Joan Schrouder 1/25/03

It's Kitch-e-ner, after Lord Kitchener)..... Elizabeth Zimmermann's simplificaton of it was to take it off the ndls. Then it was simply a matter of going down thru 1 st and coming up thru its neighbor, then going to the opposite piece and doing the same,

  1. back to the first piece, going down thru the st you came up out of last time, and up thru its neighbor,
  2. then back to the second piece and going down thru the st you came up out of last time, and up thru its neighbor.

Keep repeating 1 and 2. This way you don't have to remember "as to purl" or "as to knit", since it's merely a "down and up" all the time. She advocated knitting a couple of swatches of ~30 sts in chunky wool and working in stockinette for several inches, then machine stitching across the live sts at their bases to prevent them from raveling. Use a blunt large-eyed yarn ndl and practice.

After you get the hang of doing it on the Knit side, turn the swatches over and figure out out to do it in purl. You can also make swatches that have ribbing or garter. The big Vogue Knitting book has good directions and illustrations.
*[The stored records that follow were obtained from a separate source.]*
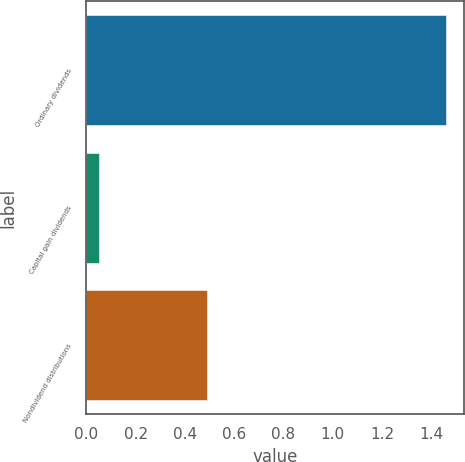<chart> <loc_0><loc_0><loc_500><loc_500><bar_chart><fcel>Ordinary dividends<fcel>Capital gain dividends<fcel>Nondividend distributions<nl><fcel>1.46<fcel>0.05<fcel>0.49<nl></chart> 
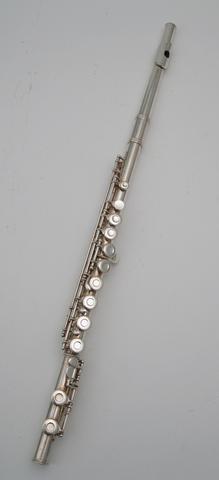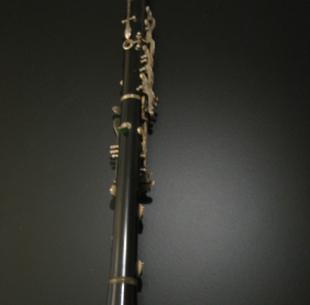The first image is the image on the left, the second image is the image on the right. Considering the images on both sides, is "The instrument on the left is silver and is displayed at an angle, while the instrument on the right is a dark color and is displayed more vertically." valid? Answer yes or no. Yes. The first image is the image on the left, the second image is the image on the right. Given the left and right images, does the statement "One of the instruments is completely silver colored." hold true? Answer yes or no. Yes. 
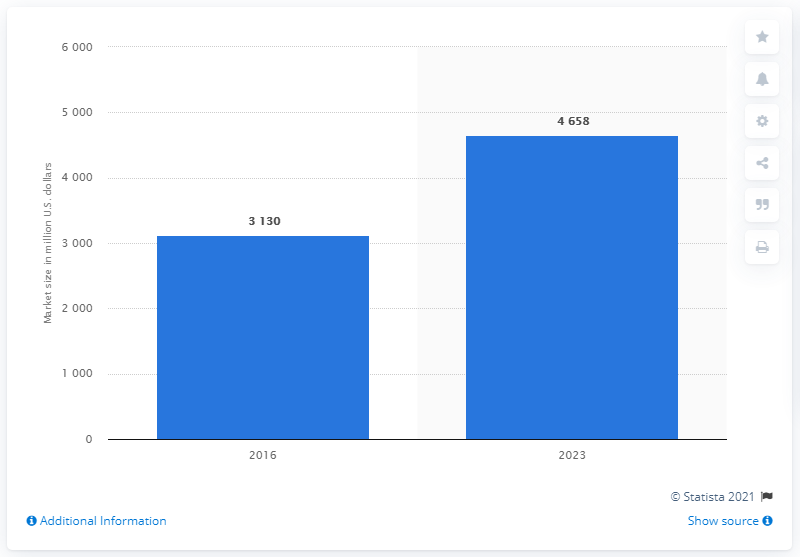Point out several critical features in this image. In 2023, the value was higher than in 2016 by 1528. The year 2023 is depicted in this representation. The global orthopedic orthotics market reached a value of 3130 million dollars in 2016. The market is expected to grow significantly by 2023, with an estimate of 4,658%. The forecast for the global orthopedic orthotics market in 2023 is predicted to be

I'm trying to remember when I learned to do Kitchener - I guess it's been a long time ago, because the specific instance escapes me. Suffice it to say that I have done so much of it that I can do it well in my sleep. It's saved my bacon too many times to recall, including the time I screwed up a pattern on a model garment for a book. Being on a tight time schedule, I snipped a st in the offending row, and unpicked it to the tune of nearly 300 sts, then rewove in K3, P3 combination. I've used it to lengthen/shorten all kinds of things, and once hemmed a square shawl having ~600 sts using Kitchener to whip the hem down.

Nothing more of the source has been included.